===== Given records =====

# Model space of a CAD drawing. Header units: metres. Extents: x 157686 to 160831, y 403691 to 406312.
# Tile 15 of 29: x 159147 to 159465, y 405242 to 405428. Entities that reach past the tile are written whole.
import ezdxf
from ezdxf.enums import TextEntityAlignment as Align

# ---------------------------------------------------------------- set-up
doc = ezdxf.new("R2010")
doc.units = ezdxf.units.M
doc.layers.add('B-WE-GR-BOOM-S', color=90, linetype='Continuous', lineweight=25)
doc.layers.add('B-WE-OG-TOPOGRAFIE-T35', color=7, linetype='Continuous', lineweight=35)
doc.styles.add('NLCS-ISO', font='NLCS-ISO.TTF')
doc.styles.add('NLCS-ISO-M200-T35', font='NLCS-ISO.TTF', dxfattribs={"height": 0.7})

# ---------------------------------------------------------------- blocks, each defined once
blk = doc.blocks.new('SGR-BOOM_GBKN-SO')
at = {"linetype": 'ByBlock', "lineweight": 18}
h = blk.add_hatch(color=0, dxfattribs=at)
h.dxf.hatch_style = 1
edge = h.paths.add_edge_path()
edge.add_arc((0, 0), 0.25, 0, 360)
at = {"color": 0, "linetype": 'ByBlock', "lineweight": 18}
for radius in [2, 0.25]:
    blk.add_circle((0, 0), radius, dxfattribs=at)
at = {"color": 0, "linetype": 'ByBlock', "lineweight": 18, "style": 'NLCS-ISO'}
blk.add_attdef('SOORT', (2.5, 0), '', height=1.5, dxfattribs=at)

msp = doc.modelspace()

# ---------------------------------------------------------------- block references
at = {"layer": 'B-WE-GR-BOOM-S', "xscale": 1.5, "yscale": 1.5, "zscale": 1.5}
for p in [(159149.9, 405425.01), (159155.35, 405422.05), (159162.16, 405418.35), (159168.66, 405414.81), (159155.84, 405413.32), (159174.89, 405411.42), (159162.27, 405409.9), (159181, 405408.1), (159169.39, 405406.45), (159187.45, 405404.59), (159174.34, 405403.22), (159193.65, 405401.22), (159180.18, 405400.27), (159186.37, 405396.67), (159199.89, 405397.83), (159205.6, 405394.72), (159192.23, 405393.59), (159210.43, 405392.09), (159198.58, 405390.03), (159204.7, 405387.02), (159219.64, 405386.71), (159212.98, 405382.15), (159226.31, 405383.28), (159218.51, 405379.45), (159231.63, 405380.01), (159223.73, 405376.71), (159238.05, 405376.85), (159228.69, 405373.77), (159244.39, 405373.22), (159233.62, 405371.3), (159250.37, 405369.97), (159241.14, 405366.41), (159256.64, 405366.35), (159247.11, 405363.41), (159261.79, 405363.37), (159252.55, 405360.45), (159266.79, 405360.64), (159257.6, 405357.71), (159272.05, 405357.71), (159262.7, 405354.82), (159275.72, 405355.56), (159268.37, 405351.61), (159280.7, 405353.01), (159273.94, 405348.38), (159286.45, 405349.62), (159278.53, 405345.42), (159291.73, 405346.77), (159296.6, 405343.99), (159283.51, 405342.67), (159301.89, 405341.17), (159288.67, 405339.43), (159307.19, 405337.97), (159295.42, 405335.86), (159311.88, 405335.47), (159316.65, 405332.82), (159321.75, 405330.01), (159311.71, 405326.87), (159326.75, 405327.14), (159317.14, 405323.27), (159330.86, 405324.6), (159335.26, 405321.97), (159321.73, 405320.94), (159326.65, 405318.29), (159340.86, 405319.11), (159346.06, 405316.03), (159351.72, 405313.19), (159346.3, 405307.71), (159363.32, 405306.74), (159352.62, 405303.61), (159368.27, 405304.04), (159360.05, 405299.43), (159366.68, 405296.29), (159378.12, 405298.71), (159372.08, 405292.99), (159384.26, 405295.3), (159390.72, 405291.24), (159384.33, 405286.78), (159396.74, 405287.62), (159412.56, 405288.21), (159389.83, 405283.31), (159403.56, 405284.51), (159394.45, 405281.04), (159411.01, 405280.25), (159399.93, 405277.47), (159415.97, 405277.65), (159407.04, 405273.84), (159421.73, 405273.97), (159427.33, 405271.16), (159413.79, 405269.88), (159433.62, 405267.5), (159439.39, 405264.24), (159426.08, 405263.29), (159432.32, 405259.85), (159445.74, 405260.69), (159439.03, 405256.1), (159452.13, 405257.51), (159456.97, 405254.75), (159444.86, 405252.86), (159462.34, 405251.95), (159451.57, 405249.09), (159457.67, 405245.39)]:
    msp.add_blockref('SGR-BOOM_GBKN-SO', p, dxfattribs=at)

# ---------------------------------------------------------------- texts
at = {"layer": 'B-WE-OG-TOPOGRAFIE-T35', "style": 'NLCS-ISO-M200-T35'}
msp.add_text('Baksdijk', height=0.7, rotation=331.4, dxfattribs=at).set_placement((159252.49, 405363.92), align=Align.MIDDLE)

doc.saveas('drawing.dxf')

=====

__Task details__
If a line falls between the first line of the entries and the line containing "msp = doc.modelspace()", or is one of those two, restate it word for word; leave all other lines out.

__Exercise solution__
# Model space of a CAD drawing. Header units: metres. Extents: x 157686 to 160831, y 403691 to 406312.
# Tile 15 of 29: x 159147 to 159465, y 405242 to 405428. Entities that reach past the tile are written whole.
import ezdxf
from ezdxf.enums import TextEntityAlignment as Align

# ---------------------------------------------------------------- set-up
doc = ezdxf.new("R2010")
doc.units = ezdxf.units.M
doc.layers.add('B-WE-GR-BOOM-S', color=90, linetype='Continuous', lineweight=25)
doc.layers.add('B-WE-OG-TOPOGRAFIE-T35', color=7, linetype='Continuous', lineweight=35)
doc.styles.add('NLCS-ISO', font='NLCS-ISO.TTF')
doc.styles.add('NLCS-ISO-M200-T35', font='NLCS-ISO.TTF', dxfattribs={"height": 0.7})

# ---------------------------------------------------------------- blocks, each defined once
blk = doc.blocks.new('SGR-BOOM_GBKN-SO')
at = {"linetype": 'ByBlock', "lineweight": 18}
h = blk.add_hatch(color=0, dxfattribs=at)
h.dxf.hatch_style = 1
edge = h.paths.add_edge_path()
edge.add_arc((0, 0), 0.25, 0, 360)
at = {"color": 0, "linetype": 'ByBlock', "lineweight": 18}
for radius in [2, 0.25]:
    blk.add_circle((0, 0), radius, dxfattribs=at)
at = {"color": 0, "linetype": 'ByBlock', "lineweight": 18, "style": 'NLCS-ISO'}
blk.add_attdef('SOORT', (2.5, 0), '', height=1.5, dxfattribs=at)

msp = doc.modelspace()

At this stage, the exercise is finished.